Ohm's Law: Factors Influencing Resistance And Conductance

what factors can effect ohm

Ohm's law states that the electric current through a conductor between two points is directly proportional to the voltage across the two points. The law can be used to calculate the current and resistance in a circuit. However, it is important to note that Ohm's law only holds true if the temperature and other physical factors remain constant. Several factors can affect the resistance in a circuit, including the length of the conductor, the thickness of the conductor, the material it is made of, and the temperature. These factors will influence whether Ohm's law can be applied to a given circuit.

Characteristics Values
Length of the conductor Longer conductors cause more resistance
Thickness of the conductor Resistance is inversely proportional to the cross-sectional area or thickness
Material The type of material determines its resistivity
Temperature Resistance increases with temperature
Voltage Voltage is analogous to water pressure
Current Current is analogous to the amount of water flowing through a pipe

lawshun

Length of the conductor

The length of a conductor is a key factor in determining the resistance of a conductor, and subsequently, how it affects Ohm's Law. Resistance is defined as the opposition offered by a substance to the flow of free electrons (current). Longer conductors cause more resistance, and this relationship is directly proportional, meaning that as the length of the conductor increases, so does the resistance.
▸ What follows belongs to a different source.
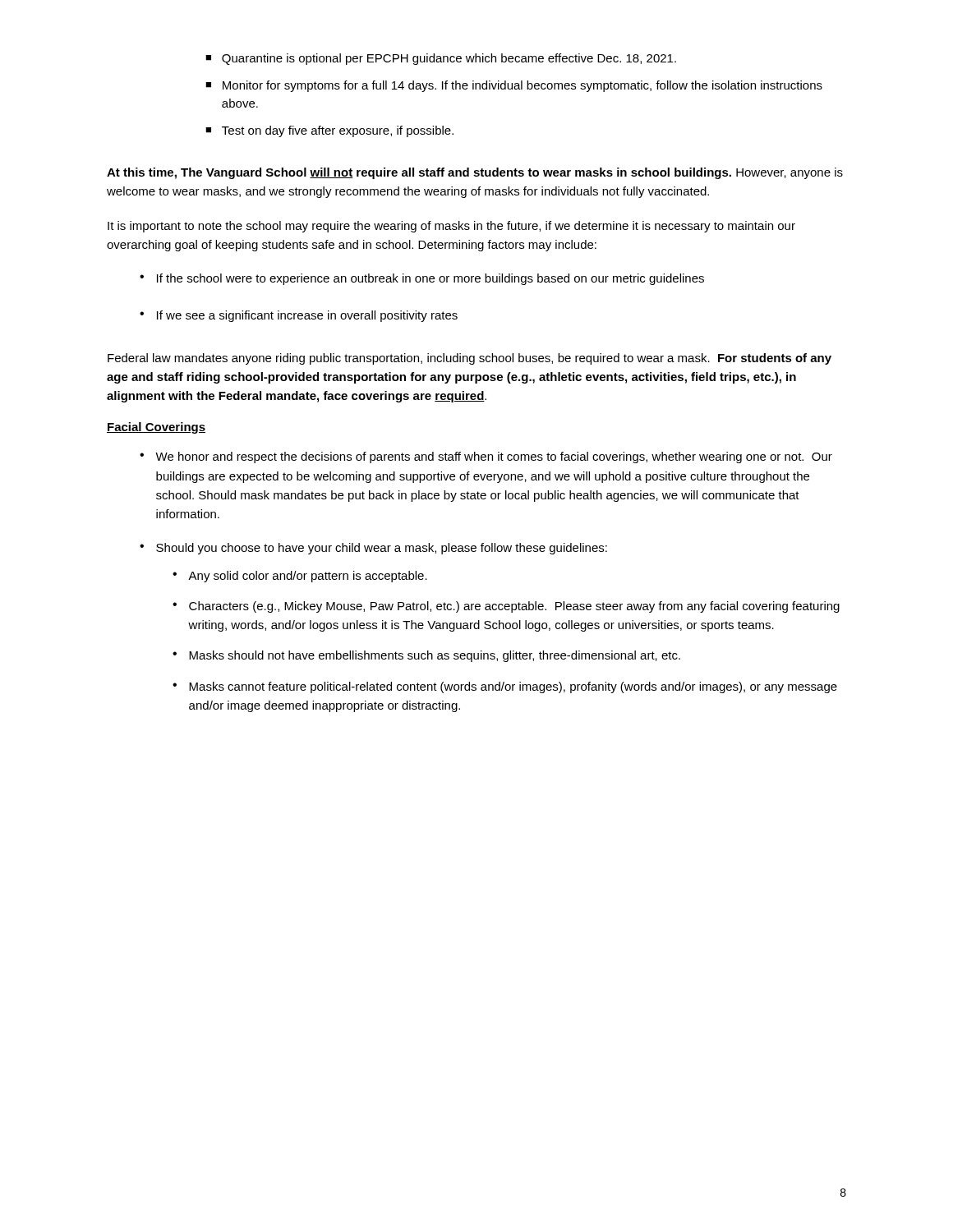
Task: Find the list item that says "■ Test on day five after exposure,"
Action: (x=329, y=131)

This relationship can be expressed mathematically as R ∝ l, where R is the resistance and l is the length of the conductor. This can also be expressed as R = ρl/A, where ρ is the resistivity or proportionality constant, and A is the cross-sectional area. This equation shows that the resistance is directly proportional to the length of the conductor and inversely proportional to the cross-sectional area.

The relationship between length and resistance can be observed in a practical experiment. Consider a copper wire of length 1 metre connected between terminals in a circuit. If the length of the wire is doubled, the resistance will also double, resulting in a new resistance value of 80 ohms compared to the original 20 ohms.
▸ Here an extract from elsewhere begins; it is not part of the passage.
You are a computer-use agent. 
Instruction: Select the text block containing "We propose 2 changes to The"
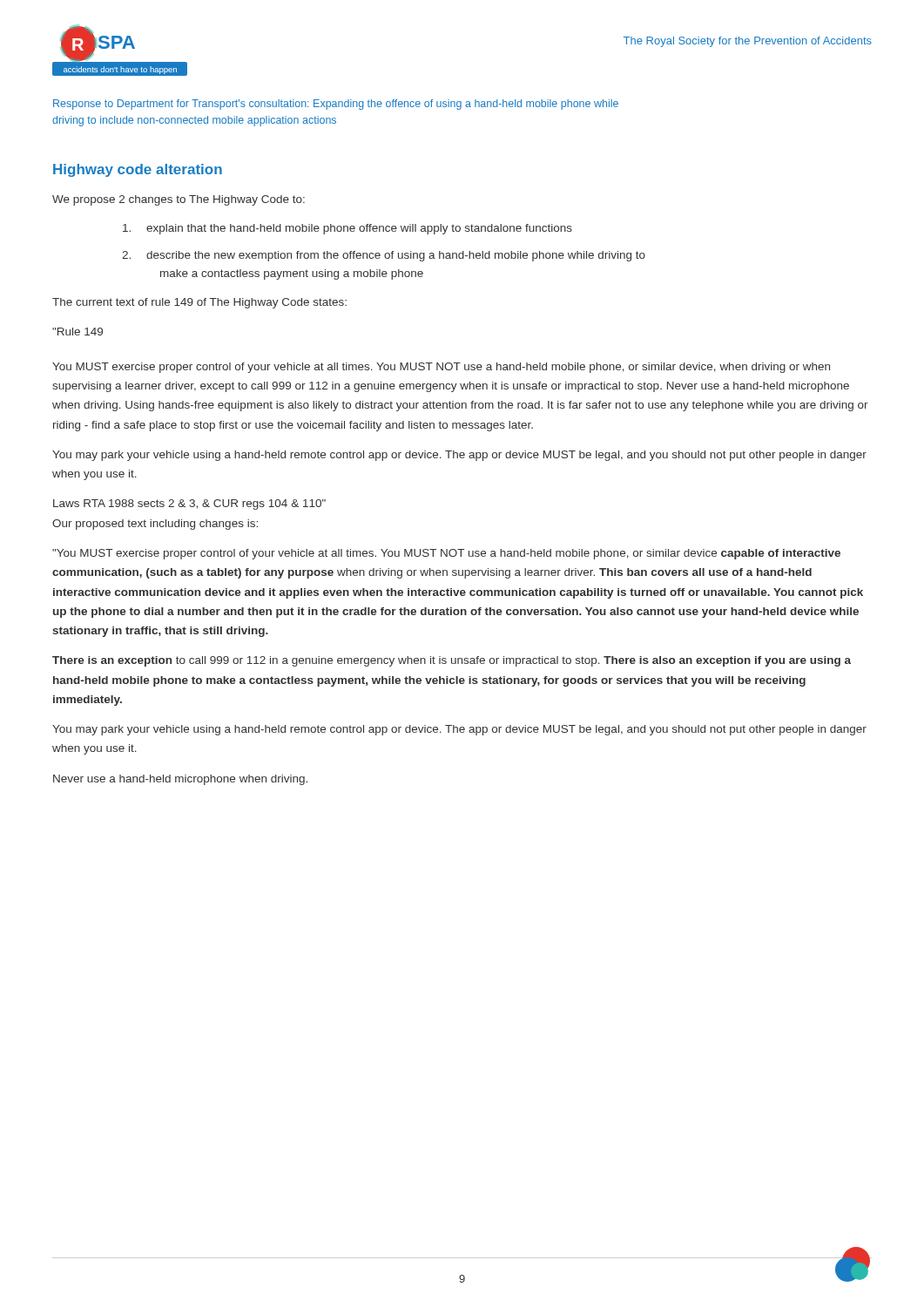179,199

In electronic circuits, it is important to keep the resistance low to increase the value of the current. Therefore, lead wires are made as short as possible to minimize the resistance. This demonstrates the practical implications of the length of the conductor on the overall circuit performance.

In summary, the length of the conductor is a critical factor in determining the resistance of a conductor, and it follows a direct relationship. This relationship has a significant impact on the application of Ohm's Law, particularly in electronic circuits where resistance needs to be carefully managed.

lawshun

Thickness/cross-sectional area

Ohm's law states that the electric current through a conductor between two points is directly proportional to the voltage across the two points. The law is applicable with the clause that the temperature is constant.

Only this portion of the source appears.